I have a query like this showing up on my production database - 

s05=> SELECT pid, user, usename, application_name, client_addr, client_hostname, client_port, datname, now() - query_start as "runtime",
state, wait_event_type, wait_event,
substr(query, 0, 100)
 FROM  pg_stat_activity
 WHERE now() - query_start > '5 minutes'::interval and state = 'active'
 ORDER BY runtime DESC;
   pid   | user | usename | application_name |  client_addr  | client_hostname | client_port | datname |        runtime
       | state  | wait_event_type |   wait_event   |                                               substr
-------+--------+-----------------+----------------+--------------------------------------------------------------------
  356274 | s05  | s05     | scandir          | 192.168.64.61 |                 |       44098 | s05     | 9 days 18:45:37
.65577 | active | IPC             | ParallelFinish | select scac_code from scac where supported_by_smc = true

The query when run from psql prompt finishes in a jiffy, so query performance/cost is not the problem. Also, when I try to kill the query through pg_terminate_backend or pg_cancel_backend, it does not get killed.
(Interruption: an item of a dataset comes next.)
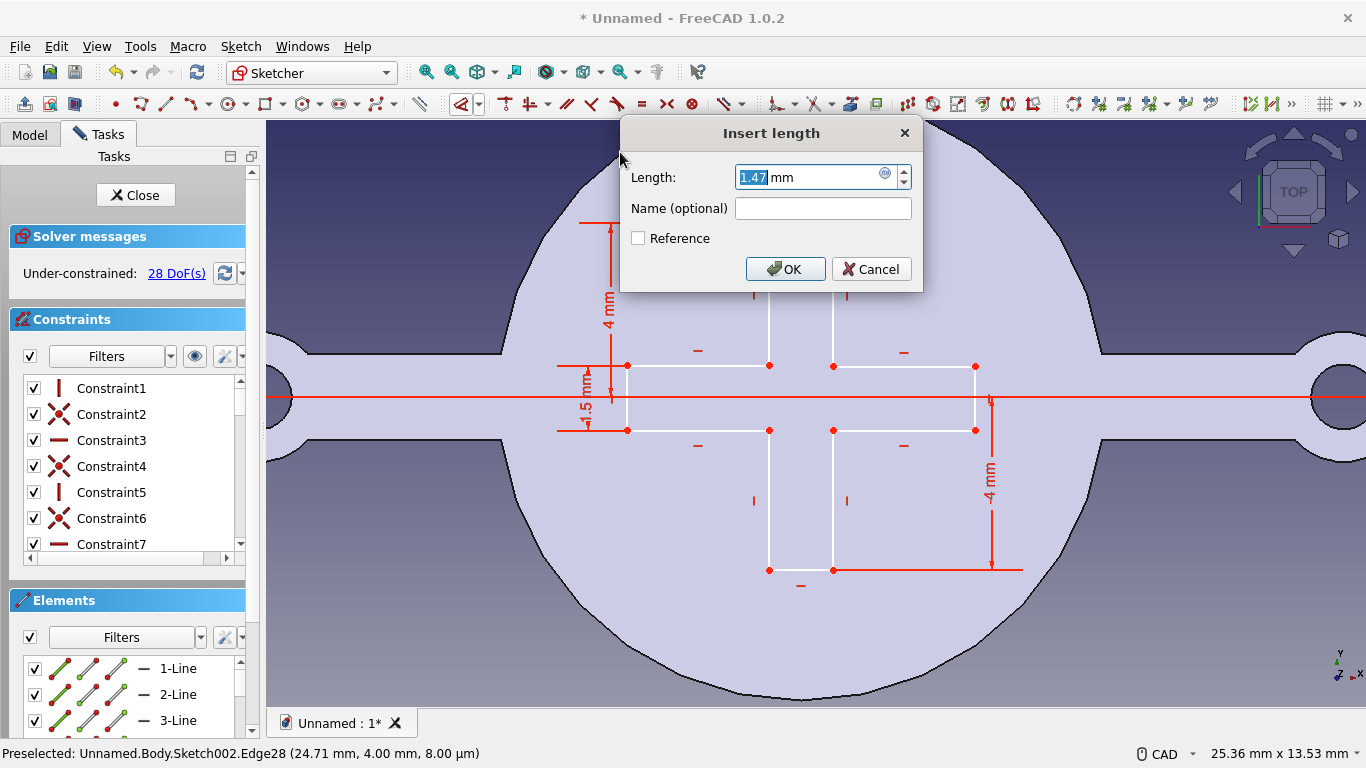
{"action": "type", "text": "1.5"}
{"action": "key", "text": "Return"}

I am wondering what could be the root cause of this problem and how it could be addressed.  Any pointers would be appreciated.

Regards,
Ashish

Re: Enquiry about long-running queries

От
Ron Johnson
Дата:
On Fri, Nov 7, 2025 at 8:49 AM Ashish Mukherjee <ashish.mukherjee@gmail.com> wrote:
Hello,

I have a query like this showing up on my production database - 

s05=> SELECT pid, user, usename, application_name, client_addr, client_hostname, client_port, datname, now() - query_start as "runtime",
state, wait_event_type, wait_event,
substr(query, 0, 100)
 FROM  pg_stat_activity
 WHERE now() - query_start > '5 minutes'::interval and state = 'active'
 ORDER BY runtime DESC;
   pid   | user | usename | application_name |  client_addr  | client_hostname | client_port | datname |        runtime
       | state  | wait_event_type |   wait_event   |                                               substr
-------+--------+-----------------+----------------+--------------------------------------------------------------------
  356274 | s05  | s05     | scandir          | 192.168.64.61 |                 |       44098 | s05     | 9 days 18:45:37
.65577 | active | IPC             | ParallelFinish | select scac_code from scac where supported_by_smc = true

The query when run from psql prompt finishes in a jiffy, so query performance/cost is not the problem. Also, when I try to kill the query through pg_terminate_backend or pg_cancel_backend, it does not get killed.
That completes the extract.